Я слушала его и не могла понять: забота это отцовская или он так подстраховывает себя от чувства брошенности? Я сам, мол, решил, потому что ждать и бояться, что не навестит, не приедет – невыносимо. Никто ведь в хосписе никогда эту дочку не видел, она и правда не приезжала; к врачу тоже ни разу не приходила, и даже дозвониться до нее было трудно. Новость о смерти отца она восприняла более чем сдержанно.
Мы, координаторы и волонтеры, встречаемся с пациентом на очень коротком отрезке его жизненного пути. Мы не можем узнать его хорошенько как человека; не можем быть уверенными в правдивости его рассказов; в верности своих интерпретаций. В общем, не знаю я, что были у В.П. за отношения в семье, была ли там какая-то драма, почему он остался один, переживал ли об этом. Только очень хочется надеяться, что хотя бы крошечный кусочек его личности я разглядела верно. Просто потому, что любому человеку важно быть видимым хоть кем-то.
В ту ночь он пугал соседей по палате тяжелым дыханием. Конечно, врач и медсестры помогали ему как могли: сбивали жар, обезболивали, давали кислород. И, конечно, хорошо, что он был в хосписе: о том, как он умирал бы иначе, думать совсем не хочется. И жаль, что так и не успел наступить для него рассвет.
С утра мы с дежурным врачом, сестрами и волонтерами о нем повздыхали. И отправились дальше работать. Но почему-то было мне необходимо записать о нем, хотя и не выдал человек ни цитаты примечательной, ни истории захватывающей не рассказал.
А мне все-таки хочется не забыть: жил вот такой В.П. И были у него очень темные блестящие глаза и выдающийся носом профиль.
*** Анна Половцева
«Ой, а к нам в хоспис на днях приходили лошади…» – пытаюсь рассказать я своим друзьям при встрече в кафе и замечаю неловкое молчание и отведенные в сторону глаза. А потом кто-то резко меняет тему…
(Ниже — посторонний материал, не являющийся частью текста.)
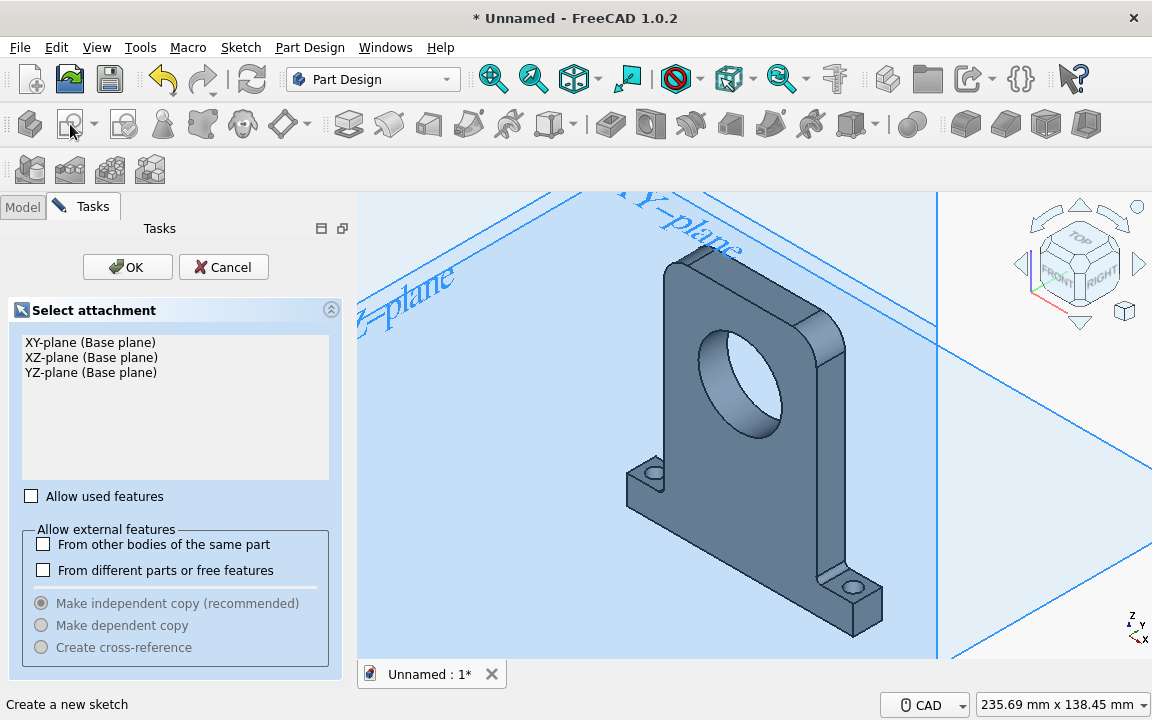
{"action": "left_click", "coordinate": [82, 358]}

Я волонтер детского хосписа уже примерно полтора года. И заметила, что люди избегают темы смерти и хосписов. Особенно если этот хоспис детский…
И желание рассказать друзьям о том, как много жизни в хосписах: собаки, лошади, трубы, арфы, спектакли, клоуны, мыльница в виде головы Дарта Вейдера[5], в конце концов, – натыкается на непробиваемое: «Давай не будем о таких тяжелых вещах».
«Почему тяжелых? – настырно спрашиваю я. – Когда вы последний раз гладили лошадь? А клоун к вам когда приходил? А хор? Вы давно слушали живой хор: так, чтобы рядом с вами и специально для вас?!»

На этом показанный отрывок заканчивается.